I don’t know what made me think of Paul Harvey the other day. I guess I was sick with one of the worst head colds I’ve ever had and I was sending a letter to my sister to let her know what was going on in our side of the country. The phrase “Now you know the rest of the story” popped into my little pea brain which is been known to be full of useless information but, oh, so interesting. At least to me.

Paul Harvey was part of my life growing up in Iowa in the 50s. We’d turn on the kitchen radio in the morning and there it would sit blasting away the Farm Report and everything all day long every day. Our local radio station was called KFJB. We kids decided that this acronym stood for Krazy Farmer’s Jazz Band and we looked forward to listening to Man On The Street every day at noon when the guy would walk down to the local Kresge dime store and there, by the donut machine, he would interview people passing by.

Sometimes the radio would play Patsy Cline singing one of her famous songs. I still love “Sweet Dreams” to this day and it reminds me of piles of French fries, cherry cokes and dinner plate size pork fritters at the counter at that very dime store.

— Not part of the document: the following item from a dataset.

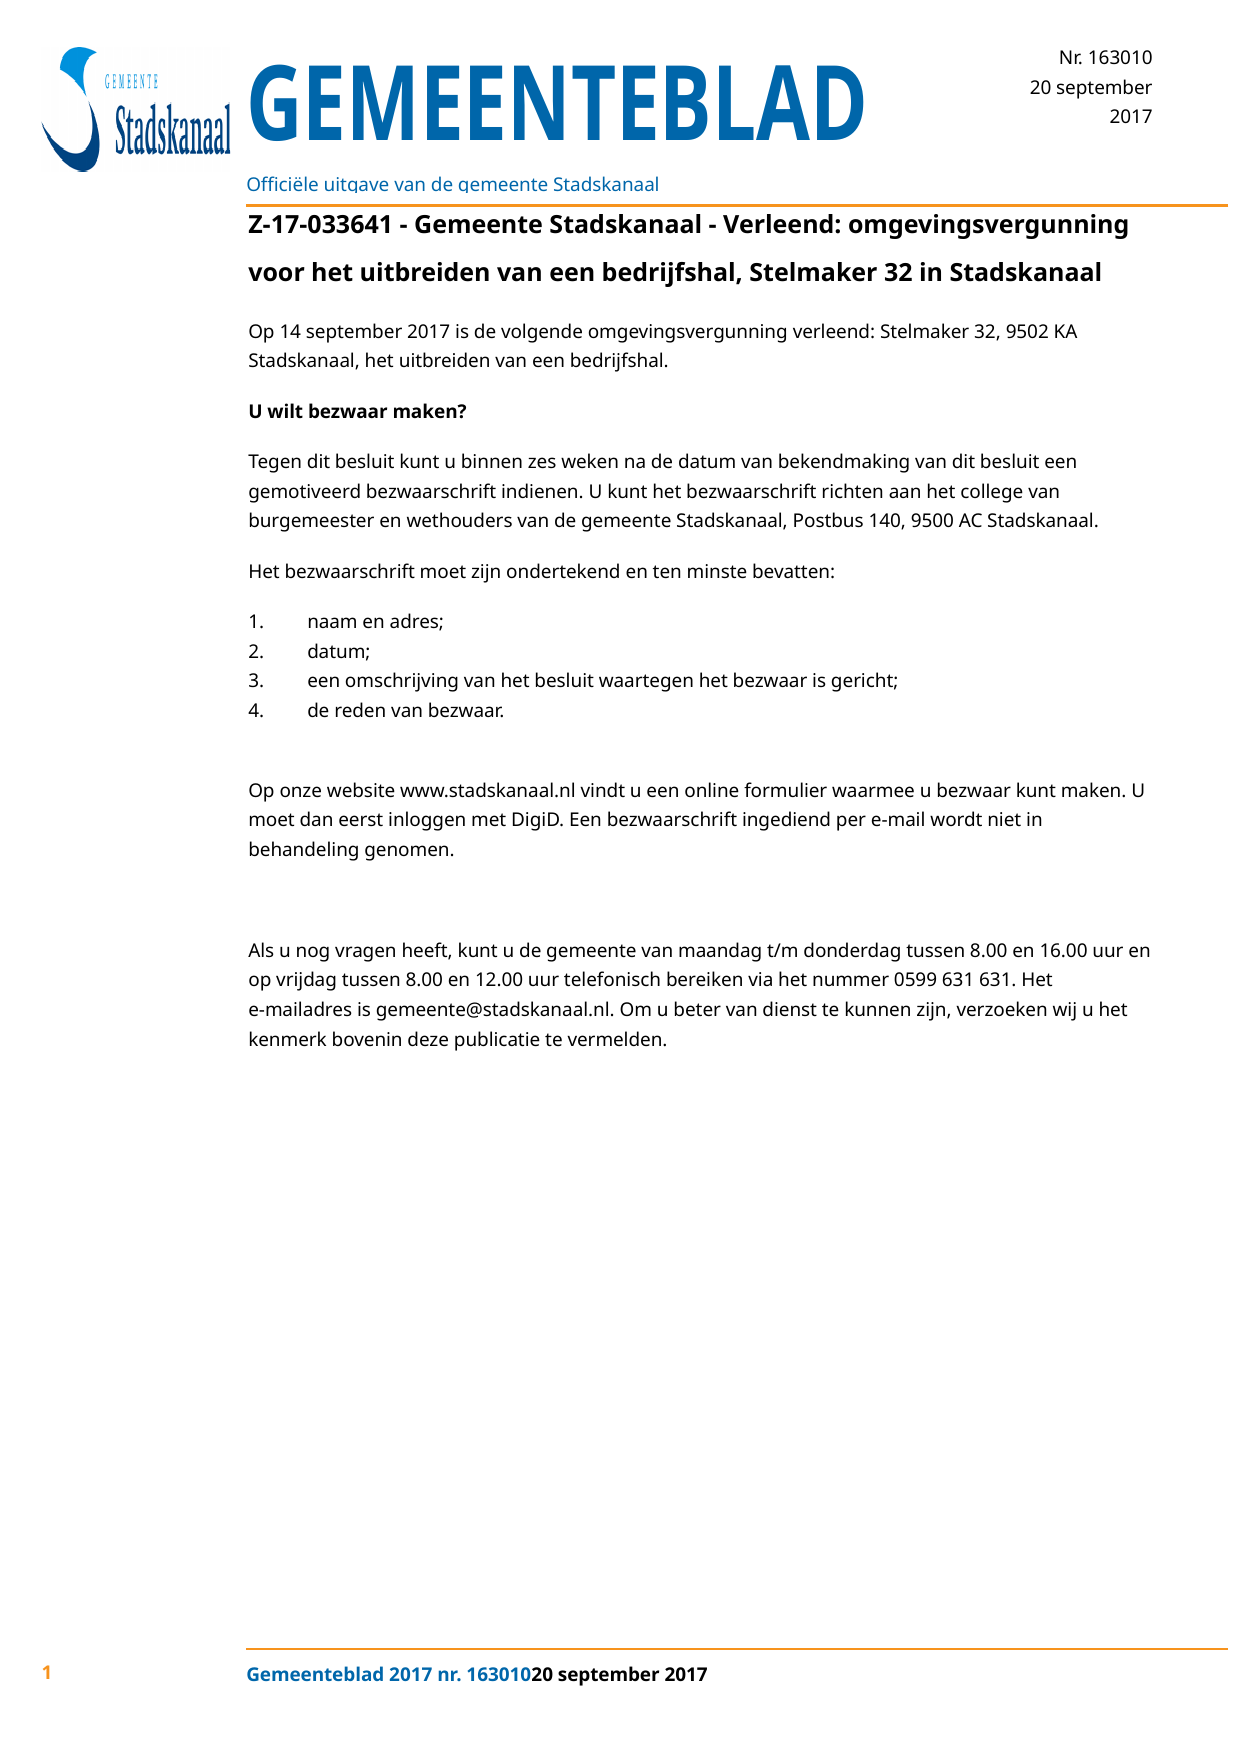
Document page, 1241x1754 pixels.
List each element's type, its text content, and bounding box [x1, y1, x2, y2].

Mr. Harvey was not a shock jock. He never said a bad word and he was always entertaining. I guess he was the Rush Limbaugh of his day because he was known to be conservative but I never thought of him as anything except a good story teller. He didn’t say stuff just to get people riled up. That was true conservativism.

He always said “Hello Americans, this is Paul Harvey. Stand by for NEWS!” at the beginning of his program. He always ended his program with, “Paul Harvey … Good day.” A story might be called “This day’s news of most lasting significance” and at the end of a report about someone who had done something ridiculous or offensive, Harvey might say, “He would want us to mention his name,” followed by silence, then would start the next item. The last item of a broadcast, which was often a funny story, would usually be preceded by “For what it’s worth.”

I also think that in a lot of ways Paul Harvey was a precursor to Lake Woebegone because of the folksy nature of a lot of this stories. One famous broadcast was called “So God Made a Farmer” and it just seems like something you might hear on that radio show.

The speech began as a continuation of the Genesis creation story and referred to the actions God took on the 8th day. In it, Harvey stated that God needed a caretaker for the land he created. In the speech God expressed the characteristics needed by the person he was creating:

“I need somebody with arms strong enough to wrestle a calf and yet gentle enough to deliver his own grandchild; somebody to call hogs, tame cantankerous machinery, come home hungry, have to await lunch until his wife’s done feeding visiting ladies, then tell the ladies to be sure and come back real soon, and mean it.”

They just don’t make ’em like that anymore.